Et c’était, en effet, en pleine campagne que tout cela se faisait. Nul temple n’aurait suffi. La population sortait tout entière, tous les hommes, toutes les femmes et tous les enfants ; on y traînait la chaise du vieillard, le berceau du nourrisson. Des villages, des villes entières, étaient laissées sous la garde de la foi publique. Quelques hommes en patrouille, qui traversent un bourg, déposent qu’ils n’y ont vu exactement que les chiens. Celui qui, le 14 juillet 1790 à midi, aurait, sans voir la campagne, parcouru ces villages déserts, les aurait pris pour autant d’Herculanum et de Pompéi.

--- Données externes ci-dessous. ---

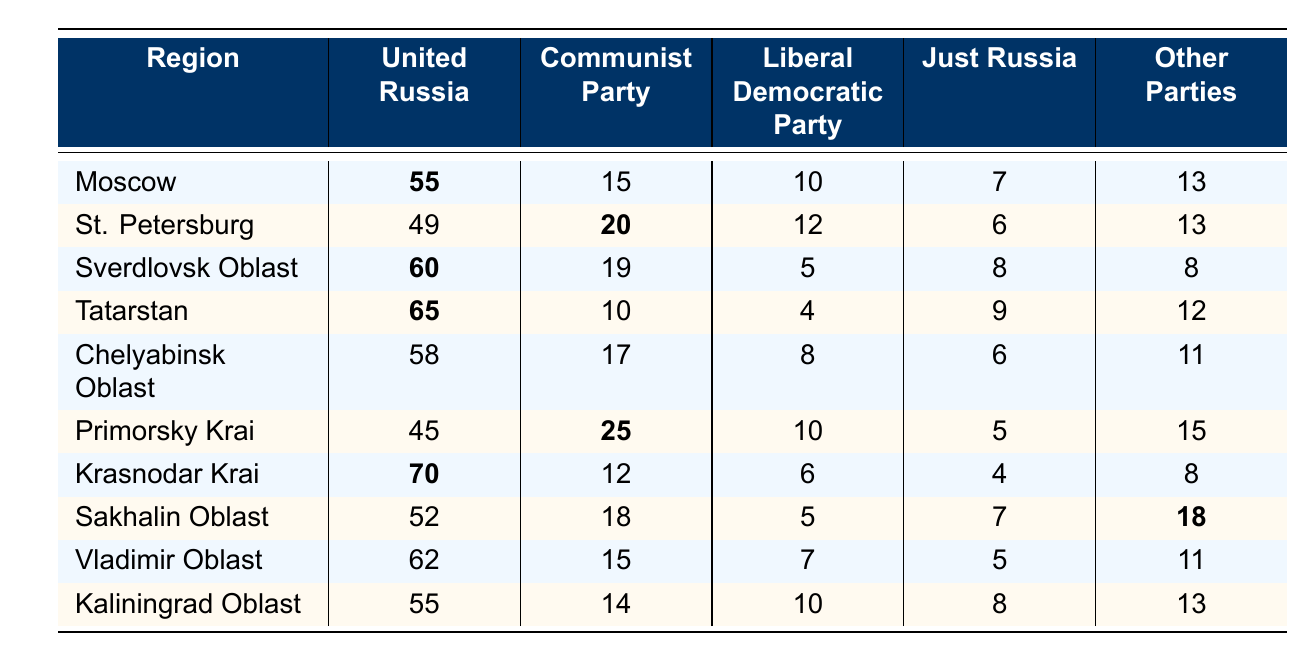What region has the highest representation from the United Russia party? By looking at the values for United Russia in the table, the highest value is 70 in Krasnodar Krai, which is greater than any other region.
Answer: Krasnodar Krai What is the total representation of the Other Parties in Tatarstan? The Other Parties representation in Tatarstan is shown directly in the table as 12.
Answer: 12 Which party has the lowest representation in Sverdlovsk Oblast? The Liberal Democratic Party has the lowest representation in Sverdlovsk Oblast with a value of 5 when compared to the other parties.
Answer: Liberal Democratic Party In which region is the Communist Party represented the most? The highest value for the Communist Party is 25, which occurs in Primorsky Krai according to the table.
Answer: Primorsky Krai What is the average representation from the Just Russia party across all regions? To find the average, add up all the values for Just Russia: 7 + 6 + 8 + 9 + 6 + 5 + 4 + 7 + 5 + 8 = 56. There are 10 regions, so divide 56 by 10, resulting in an average of 5.6.
Answer: 5.6 True or False: The representation of the Liberal Democratic Party is greater in Moscow than in St. Petersburg. In the table, Moscow has a value of 10 for the Liberal Democratic Party, while St. Petersburg has a value of 12, making the statement false.
Answer: False How much higher is the representation of the Communist Party in Primorsky Krai compared to Kaliningrad Oblast? The Communist Party has a value of 25 in Primorsky Krai and 14 in Kaliningrad Oblast. The difference is 25 - 14 = 11.
Answer: 11 Which region has the lowest total representation among all parties combined? To find the total representation for each region, sum the values for all parties in each region. The region with the lowest total is Primorsky Krai at 45 + 25 + 10 + 5 + 15 = 100.
Answer: Primorsky Krai If you combine the representation of United Russia and the Communist Party in Tatarstan, what do you get? The values in Tatarstan are United Russia: 65 and Communist Party: 10. Adding these gives 65 + 10 = 75.
Answer: 75 Which region shows the highest representation for Other Parties, and what is this value? By inspecting the table, Sakhalin Oblast shows the highest value for Other Parties, which is 18.
Answer: Sakhalin Oblast, 18 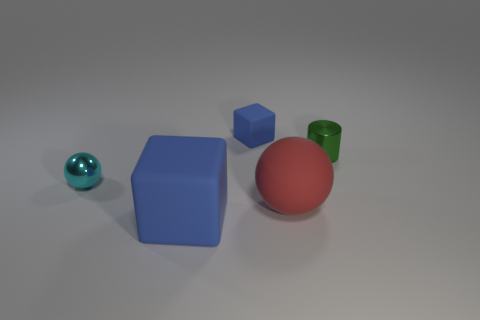Add 1 yellow metallic spheres. How many objects exist? 6 Subtract all spheres. How many objects are left? 3 Add 3 small blue matte cubes. How many small blue matte cubes exist? 4 Subtract 0 purple cylinders. How many objects are left? 5 Subtract all purple objects. Subtract all red rubber balls. How many objects are left? 4 Add 3 cyan spheres. How many cyan spheres are left? 4

Personne ne pouvait manquer à la fête ; personne n’était simple témoin ; tous étaient acteurs, depuis le centenaire jusqu’au nouveau-né. Et celui-ci plus qu’un autre.

On l’apportait, fleur vivante, parmi les fleurs de la moisson. Sa mère l’offrait, le déposait sur l’autel. Mais il n’avait pas seulement le rôle passif d’une offrande, il était actif aussi, il comptait comme personne, il faisait son serment civique par la bouche de sa mère, il réclamait sa dignité d’homme et de Français, il était mis déjà en possession de la patrie, il entrait dans l’espérance.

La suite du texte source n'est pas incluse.